Rapidly advancing imaging techniques, such as cryo-EM, will allow many snapshots of biophysical structures to be taken at the atomic level in the near future3,21,22,28,66,67. A biologically and biophysically important task will be to infer dynamical information from such instantaneous static ensemble measurements. The protein-folding example in Fig. 2 suggests that the framework introduced here can help overcome this major challenge; in principle, the framework requires only the pairwise distances between recognizable features of the protein as input (here we used the carbon alpha coordinates). Another promising area of future application is the analysis of single-cell RNA-sequencing data quantifying the expression within individual cells23. Related to this application, Fig. 3 demonstrates that our protocol recovers state-switching pathways in multistable gene-regulatory networks, which are thought to underlie cell-fate decisions. These results are most relevant in low-molecule-number regimes, in which noise is known to be an important factor68. In relevant recent work, an effective non-parametric energy landscape of single-cell expression snapshots was inferred using the Laplacian of a k-nearest neighbor graph on the data, allowing lineage information to be derived via a Markov chain15. The GMM-based framework here provides a complementary parametric approach for reconstructing faithful low-dimensional transition state dynamics from such high-dimensional data.

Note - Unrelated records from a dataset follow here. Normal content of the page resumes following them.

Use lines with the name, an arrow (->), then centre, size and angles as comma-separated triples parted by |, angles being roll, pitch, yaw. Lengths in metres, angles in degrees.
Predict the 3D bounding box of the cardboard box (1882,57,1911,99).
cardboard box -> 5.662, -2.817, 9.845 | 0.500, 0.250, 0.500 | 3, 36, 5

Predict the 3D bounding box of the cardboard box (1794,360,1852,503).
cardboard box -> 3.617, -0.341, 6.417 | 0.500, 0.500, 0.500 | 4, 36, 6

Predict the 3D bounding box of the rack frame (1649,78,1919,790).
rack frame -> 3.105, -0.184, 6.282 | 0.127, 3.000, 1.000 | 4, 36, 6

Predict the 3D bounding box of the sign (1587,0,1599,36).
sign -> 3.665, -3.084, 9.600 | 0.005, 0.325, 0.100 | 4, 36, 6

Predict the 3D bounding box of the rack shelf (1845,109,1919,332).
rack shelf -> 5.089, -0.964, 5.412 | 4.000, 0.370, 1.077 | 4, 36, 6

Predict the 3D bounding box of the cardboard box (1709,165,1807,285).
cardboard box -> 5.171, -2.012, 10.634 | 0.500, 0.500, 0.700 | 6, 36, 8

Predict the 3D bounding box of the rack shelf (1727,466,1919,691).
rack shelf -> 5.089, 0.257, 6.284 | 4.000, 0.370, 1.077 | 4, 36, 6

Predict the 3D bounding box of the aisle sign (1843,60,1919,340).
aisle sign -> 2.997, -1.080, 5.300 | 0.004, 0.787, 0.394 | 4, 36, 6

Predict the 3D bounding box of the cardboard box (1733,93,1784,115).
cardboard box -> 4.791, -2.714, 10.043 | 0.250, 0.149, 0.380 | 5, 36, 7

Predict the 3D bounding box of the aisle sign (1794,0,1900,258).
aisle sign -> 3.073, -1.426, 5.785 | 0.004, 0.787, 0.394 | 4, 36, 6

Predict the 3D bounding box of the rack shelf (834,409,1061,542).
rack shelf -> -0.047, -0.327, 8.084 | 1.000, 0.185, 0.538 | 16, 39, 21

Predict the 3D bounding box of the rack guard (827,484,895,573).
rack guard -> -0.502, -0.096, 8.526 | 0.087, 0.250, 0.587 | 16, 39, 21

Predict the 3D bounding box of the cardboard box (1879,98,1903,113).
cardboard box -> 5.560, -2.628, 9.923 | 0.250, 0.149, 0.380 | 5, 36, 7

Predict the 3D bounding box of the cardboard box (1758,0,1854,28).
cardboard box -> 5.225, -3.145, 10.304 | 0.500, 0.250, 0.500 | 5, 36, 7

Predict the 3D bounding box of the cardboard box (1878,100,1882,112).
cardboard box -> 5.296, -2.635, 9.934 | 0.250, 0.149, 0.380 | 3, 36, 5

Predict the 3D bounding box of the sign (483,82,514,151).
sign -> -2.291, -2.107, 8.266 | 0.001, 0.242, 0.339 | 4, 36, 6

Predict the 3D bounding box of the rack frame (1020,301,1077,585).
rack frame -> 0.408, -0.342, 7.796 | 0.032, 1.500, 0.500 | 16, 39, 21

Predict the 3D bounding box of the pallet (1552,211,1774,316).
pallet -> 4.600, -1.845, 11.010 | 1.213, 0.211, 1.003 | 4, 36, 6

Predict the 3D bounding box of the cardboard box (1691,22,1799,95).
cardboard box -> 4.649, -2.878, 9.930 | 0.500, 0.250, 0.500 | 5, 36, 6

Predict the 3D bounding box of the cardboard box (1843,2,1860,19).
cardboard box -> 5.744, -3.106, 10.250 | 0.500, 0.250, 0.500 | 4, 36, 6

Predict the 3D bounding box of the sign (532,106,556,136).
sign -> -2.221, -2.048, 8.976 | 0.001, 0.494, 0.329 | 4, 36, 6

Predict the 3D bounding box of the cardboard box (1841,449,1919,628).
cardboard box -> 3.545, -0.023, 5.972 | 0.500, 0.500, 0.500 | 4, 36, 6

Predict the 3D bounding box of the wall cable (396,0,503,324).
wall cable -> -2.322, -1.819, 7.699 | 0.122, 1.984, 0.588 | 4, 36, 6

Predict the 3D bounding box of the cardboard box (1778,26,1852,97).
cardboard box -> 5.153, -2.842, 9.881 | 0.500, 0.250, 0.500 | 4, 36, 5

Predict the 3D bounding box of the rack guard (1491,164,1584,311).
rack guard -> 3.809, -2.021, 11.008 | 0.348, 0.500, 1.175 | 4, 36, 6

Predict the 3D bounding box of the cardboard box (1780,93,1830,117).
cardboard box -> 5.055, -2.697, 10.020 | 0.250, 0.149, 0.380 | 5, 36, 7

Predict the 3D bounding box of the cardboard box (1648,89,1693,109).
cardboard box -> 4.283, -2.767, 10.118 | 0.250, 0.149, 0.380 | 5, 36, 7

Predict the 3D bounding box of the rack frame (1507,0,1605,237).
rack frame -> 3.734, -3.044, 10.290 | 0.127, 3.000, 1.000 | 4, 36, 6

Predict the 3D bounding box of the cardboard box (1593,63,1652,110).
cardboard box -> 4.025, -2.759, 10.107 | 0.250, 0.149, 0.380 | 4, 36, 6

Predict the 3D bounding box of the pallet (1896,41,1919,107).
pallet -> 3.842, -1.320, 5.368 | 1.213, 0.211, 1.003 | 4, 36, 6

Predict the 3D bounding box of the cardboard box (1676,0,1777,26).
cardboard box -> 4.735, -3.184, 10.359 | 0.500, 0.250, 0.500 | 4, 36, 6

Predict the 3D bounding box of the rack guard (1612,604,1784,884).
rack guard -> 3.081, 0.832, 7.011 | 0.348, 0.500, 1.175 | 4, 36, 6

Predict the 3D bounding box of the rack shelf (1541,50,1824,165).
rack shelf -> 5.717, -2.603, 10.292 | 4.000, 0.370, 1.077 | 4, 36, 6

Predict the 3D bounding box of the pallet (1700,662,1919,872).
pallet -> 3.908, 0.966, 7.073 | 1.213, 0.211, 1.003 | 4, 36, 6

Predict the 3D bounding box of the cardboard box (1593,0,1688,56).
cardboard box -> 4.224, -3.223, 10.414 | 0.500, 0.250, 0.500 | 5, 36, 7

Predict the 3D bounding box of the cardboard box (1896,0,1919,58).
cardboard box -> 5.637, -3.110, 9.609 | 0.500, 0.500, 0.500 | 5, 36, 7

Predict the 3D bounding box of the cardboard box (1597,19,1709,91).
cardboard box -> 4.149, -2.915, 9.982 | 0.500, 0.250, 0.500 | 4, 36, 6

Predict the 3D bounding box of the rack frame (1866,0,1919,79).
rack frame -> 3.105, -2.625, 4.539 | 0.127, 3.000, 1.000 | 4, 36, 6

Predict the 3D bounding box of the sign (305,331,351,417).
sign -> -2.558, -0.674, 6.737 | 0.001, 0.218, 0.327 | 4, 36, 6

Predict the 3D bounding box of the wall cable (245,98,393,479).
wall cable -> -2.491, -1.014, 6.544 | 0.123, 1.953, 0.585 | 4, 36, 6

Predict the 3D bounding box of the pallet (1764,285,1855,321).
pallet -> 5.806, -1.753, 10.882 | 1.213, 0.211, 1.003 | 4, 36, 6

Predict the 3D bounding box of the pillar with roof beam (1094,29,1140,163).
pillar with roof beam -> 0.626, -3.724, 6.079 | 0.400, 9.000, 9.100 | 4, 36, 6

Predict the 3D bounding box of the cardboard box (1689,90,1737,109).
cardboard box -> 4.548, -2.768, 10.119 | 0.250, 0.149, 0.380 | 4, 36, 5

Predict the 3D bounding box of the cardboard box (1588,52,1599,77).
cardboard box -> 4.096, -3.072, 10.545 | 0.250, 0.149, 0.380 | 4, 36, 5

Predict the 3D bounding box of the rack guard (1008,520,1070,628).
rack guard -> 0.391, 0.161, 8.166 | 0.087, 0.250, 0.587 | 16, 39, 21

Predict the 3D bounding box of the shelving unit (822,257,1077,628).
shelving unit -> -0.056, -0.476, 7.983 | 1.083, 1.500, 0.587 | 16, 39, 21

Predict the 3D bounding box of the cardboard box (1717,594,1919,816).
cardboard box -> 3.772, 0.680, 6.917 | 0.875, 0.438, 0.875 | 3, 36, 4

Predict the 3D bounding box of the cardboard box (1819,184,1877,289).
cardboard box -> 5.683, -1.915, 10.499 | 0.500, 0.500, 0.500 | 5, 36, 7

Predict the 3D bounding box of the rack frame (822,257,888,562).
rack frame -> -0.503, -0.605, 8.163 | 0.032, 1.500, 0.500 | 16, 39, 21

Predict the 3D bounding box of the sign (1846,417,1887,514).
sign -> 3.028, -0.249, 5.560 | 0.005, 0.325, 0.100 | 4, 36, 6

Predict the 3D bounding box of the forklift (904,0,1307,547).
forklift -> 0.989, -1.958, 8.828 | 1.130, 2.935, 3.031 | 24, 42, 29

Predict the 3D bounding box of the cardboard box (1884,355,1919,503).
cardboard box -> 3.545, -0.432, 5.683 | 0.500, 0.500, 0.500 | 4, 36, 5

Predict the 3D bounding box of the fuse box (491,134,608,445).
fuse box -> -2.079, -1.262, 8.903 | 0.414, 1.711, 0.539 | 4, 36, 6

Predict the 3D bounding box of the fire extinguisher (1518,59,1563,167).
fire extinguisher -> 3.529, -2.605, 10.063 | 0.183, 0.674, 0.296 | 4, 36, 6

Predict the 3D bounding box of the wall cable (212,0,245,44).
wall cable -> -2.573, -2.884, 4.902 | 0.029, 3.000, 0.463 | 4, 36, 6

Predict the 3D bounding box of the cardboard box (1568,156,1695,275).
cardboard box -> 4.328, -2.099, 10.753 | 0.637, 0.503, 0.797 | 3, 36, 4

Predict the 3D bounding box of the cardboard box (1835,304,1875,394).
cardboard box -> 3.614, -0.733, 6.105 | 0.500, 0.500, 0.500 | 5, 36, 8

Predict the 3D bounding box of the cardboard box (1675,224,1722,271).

Furthermore, the proof-of-concept results in Fig. 4 suggest that our inference scheme for Markovian network dynamics can be useful for studying viral and bacterial evolution, which are often modeled as movements through a series of DNA or protein sequences69. The fitness landscape of an organism in sequence space is analogous to the negative of an effective energy landscape. The process of fixation by a succession of mutants in a population, whereby each mutant replaces the previous lineage as the population’s most recent common ancestor, has been modeled as a Markov process70. Successive sweeps to fixation have been observed in long-term evolution experiments, promising groundbreaking data for future analysis as whole-genome sequencing technologies improve71.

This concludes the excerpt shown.